NOTA: Utilize uma extensão craniocaudal de ≥5 mm como limiar operacional de triagem no nível deslizado neste protocolo. Registre o diâmetro anteroposterior e a área da seção transversal da bainha medular nas imagens axiais como medidas contínuas confirmatórias. Não utilize valores fixos de corte axial como padrões de referência independentes na presente coorte retrospectiva.
- Se o sinal gorduroso for visível em apenas uma fatia sagital, classifique o achado como indeterminado, a menos que as imagens axiais demonstrem acúmulo correspondente de gordura epidural e a extensão craniocaudal no mesmo plano permaneça ≥5 mm. Este critério distingue a medição primária craniocaudal da avaliação de continuidade mediolateral de apoio.
- Meça o diâmetro anteroposterior da bainha medular na imagem axial ponderada em T2 que demonstra compressão máxima no nível deslizado, medindo a distância da margem anterior até a posterior da bainha dural. Meça a área da seção transversal contornando o limite interno da dura utilizando a ferramenta de região de interesse do PACS ou a ferramenta de seleção poligonal do ImageJ, e registre a área em mm2.
- Compare qualitativamente a extensão sagital e a gravidade axial com o enquadramento de graduação de Manjila. Neste protocolo focado em DLS, utilize o sistema de graduação de Manjila como referência locorregional para documentação, e não como definição primária do resultado, pois o desfecho do estudo é a presença de lipomatose epidural no nível deslizado dentro do modelo preditivo.

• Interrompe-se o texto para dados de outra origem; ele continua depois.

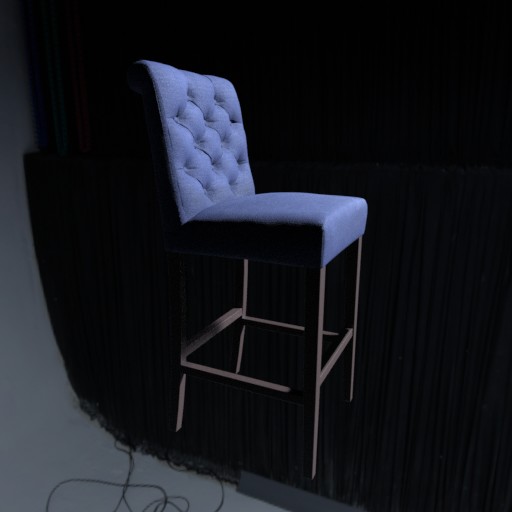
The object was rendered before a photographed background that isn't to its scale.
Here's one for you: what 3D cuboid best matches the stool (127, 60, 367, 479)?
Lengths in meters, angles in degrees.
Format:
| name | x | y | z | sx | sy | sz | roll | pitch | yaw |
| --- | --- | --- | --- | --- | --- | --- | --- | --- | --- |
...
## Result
| name | x | y | z | sx | sy | sz | roll | pitch | yaw |
| --- | --- | --- | --- | --- | --- | --- | --- | --- | --- |
| stool | 0.000 | 0.000 | 1.423 | 0.601 | 1.140 | 0.493 | 7 | 16 | 25 |
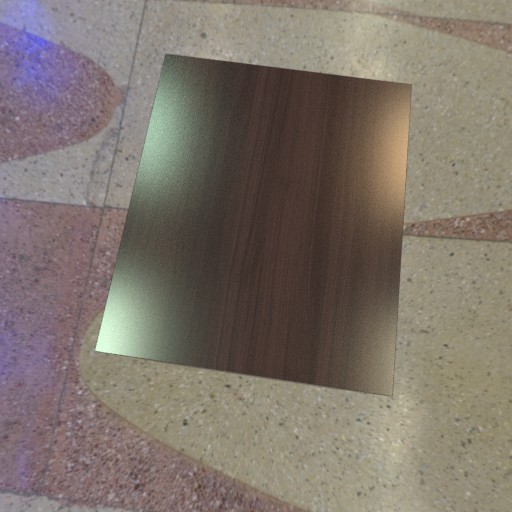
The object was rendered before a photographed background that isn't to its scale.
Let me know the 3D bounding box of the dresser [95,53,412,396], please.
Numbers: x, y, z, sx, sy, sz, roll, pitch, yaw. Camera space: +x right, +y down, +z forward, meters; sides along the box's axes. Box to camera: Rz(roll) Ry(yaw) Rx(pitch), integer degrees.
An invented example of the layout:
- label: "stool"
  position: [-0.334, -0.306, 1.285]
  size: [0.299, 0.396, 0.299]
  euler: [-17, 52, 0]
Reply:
- label: "dresser"
  position: [0.000, 0.000, 0.769]
  size: [0.360, 0.470, 0.400]
  euler: [8, 75, 2]
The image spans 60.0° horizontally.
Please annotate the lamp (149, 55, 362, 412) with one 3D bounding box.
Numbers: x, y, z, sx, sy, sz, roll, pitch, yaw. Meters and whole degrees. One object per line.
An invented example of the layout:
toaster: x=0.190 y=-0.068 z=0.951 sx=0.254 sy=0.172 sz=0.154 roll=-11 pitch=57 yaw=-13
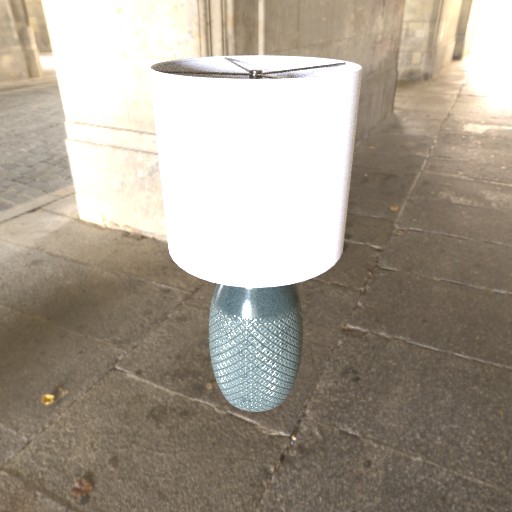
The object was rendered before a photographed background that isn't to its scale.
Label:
lamp: x=0.000 y=0.000 z=0.569 sx=0.217 sy=0.453 sz=0.217 roll=-10 pitch=30 yaw=-17
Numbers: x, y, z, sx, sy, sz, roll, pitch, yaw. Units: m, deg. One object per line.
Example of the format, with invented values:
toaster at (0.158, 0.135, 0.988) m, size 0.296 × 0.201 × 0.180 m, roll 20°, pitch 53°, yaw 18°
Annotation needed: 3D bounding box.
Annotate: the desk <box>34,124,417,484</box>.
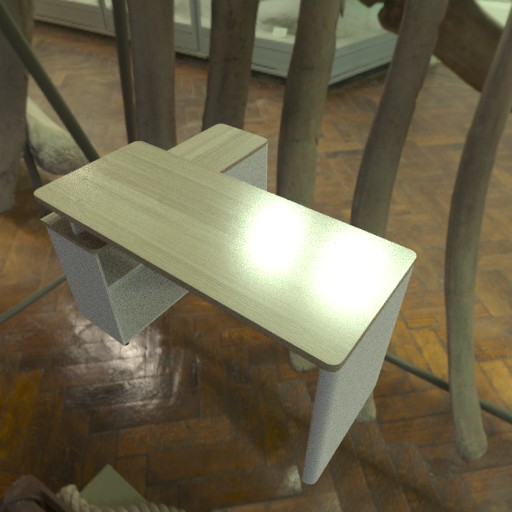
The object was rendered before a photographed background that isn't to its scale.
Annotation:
desk at (0.000, 0.000, 2.079) m, size 1.400 × 0.770 × 1.175 m, roll 26°, pitch 48°, yaw 27°
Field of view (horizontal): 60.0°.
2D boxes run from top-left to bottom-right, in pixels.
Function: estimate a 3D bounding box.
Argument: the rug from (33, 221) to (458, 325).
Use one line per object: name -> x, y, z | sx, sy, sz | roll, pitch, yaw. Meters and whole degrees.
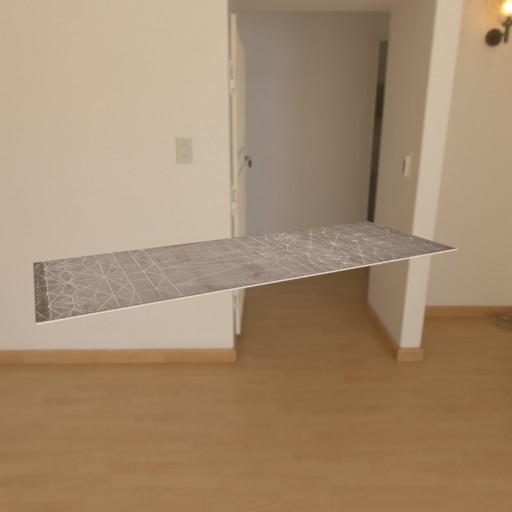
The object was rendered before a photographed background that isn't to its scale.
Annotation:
rug -> 0.000, 0.000, 2.640 | 2.388, 0.012, 0.864 | -8, 19, -25
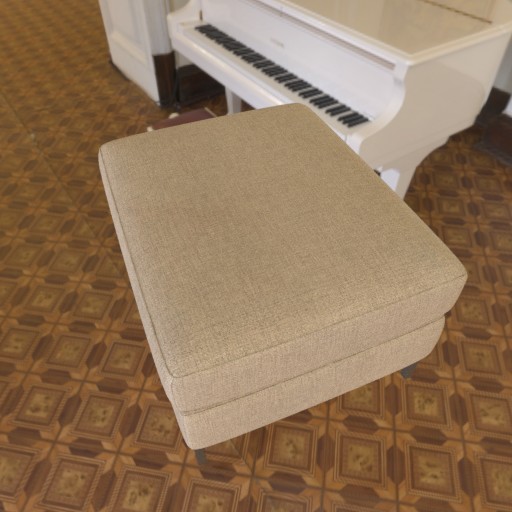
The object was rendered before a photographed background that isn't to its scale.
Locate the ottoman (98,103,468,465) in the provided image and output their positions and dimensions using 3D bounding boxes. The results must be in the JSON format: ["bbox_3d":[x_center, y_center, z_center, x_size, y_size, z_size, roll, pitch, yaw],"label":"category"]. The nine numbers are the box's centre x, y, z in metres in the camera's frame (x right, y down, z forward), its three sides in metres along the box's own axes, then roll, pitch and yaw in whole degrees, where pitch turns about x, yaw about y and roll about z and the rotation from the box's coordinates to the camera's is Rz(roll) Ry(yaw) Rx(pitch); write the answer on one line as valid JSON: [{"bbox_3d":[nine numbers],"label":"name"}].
[{"bbox_3d":[0.000,0.000,1.220,0.671,0.490,0.820,-17,49,-15],"label":"ottoman"}]
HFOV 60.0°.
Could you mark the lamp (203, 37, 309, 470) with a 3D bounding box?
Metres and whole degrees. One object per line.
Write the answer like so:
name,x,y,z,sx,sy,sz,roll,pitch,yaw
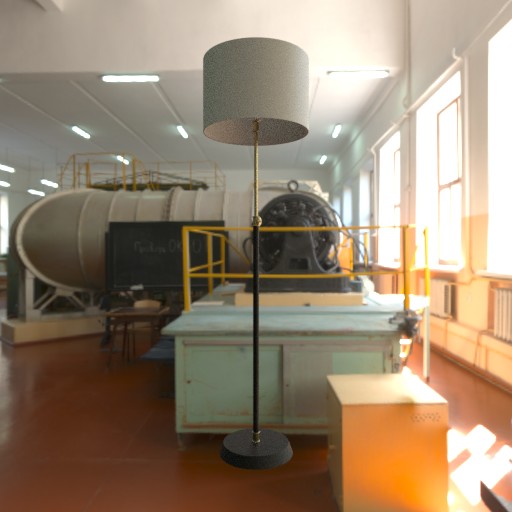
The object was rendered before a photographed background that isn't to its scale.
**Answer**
lamp,0.000,0.000,1.709,0.404,1.517,0.404,0,1,37
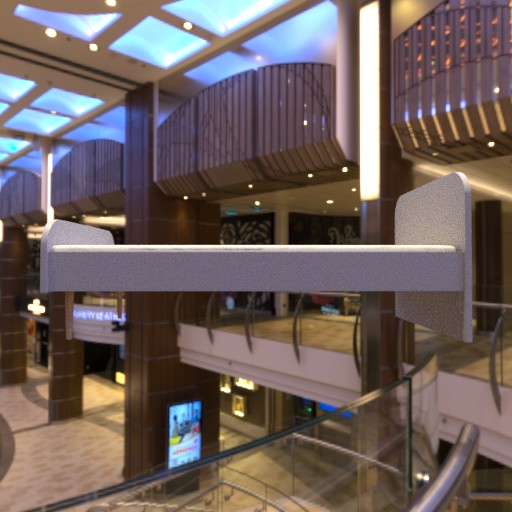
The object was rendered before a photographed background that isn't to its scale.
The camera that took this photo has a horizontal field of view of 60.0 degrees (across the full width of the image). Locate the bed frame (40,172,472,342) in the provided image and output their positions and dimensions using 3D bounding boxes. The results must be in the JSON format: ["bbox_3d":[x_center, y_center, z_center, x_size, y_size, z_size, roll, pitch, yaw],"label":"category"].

- Aplique os quatro critérios originais do nível deslizado utilizados para classificação da coorte: (1) sinal hiperintenso em T1 em forma de faixa ou crescente no espaço epidural posterior no nível deslizado; (2) intensidade de sinal idêntica à da gordura subcutânea; (3) extensão craniocaudal ≥5 mm no mesmo plano sagital; e (4) reprodutibilidade em fatias sagitais adjacentes. Para implementação clínica prospectiva, não dependa exclusivamente dos critérios sagitais. Confirme o acúmulo correspondente de gordura epidural e a deformidade do contorno da bainha medular nas imagens axiais, e documente se a distribuição da gordura é dorsal, ventral ou circunferencial.
- Registre os achados quantitativos axiais, incluindo o diâmetro anteroposterior e a área da seção transversal da bainha medular, juntamente com a compatibilidade qualitativa com métodos de avaliação baseados na razão gordura epidural para bainha medular e com o sistema de graduação locorregional de Manjila.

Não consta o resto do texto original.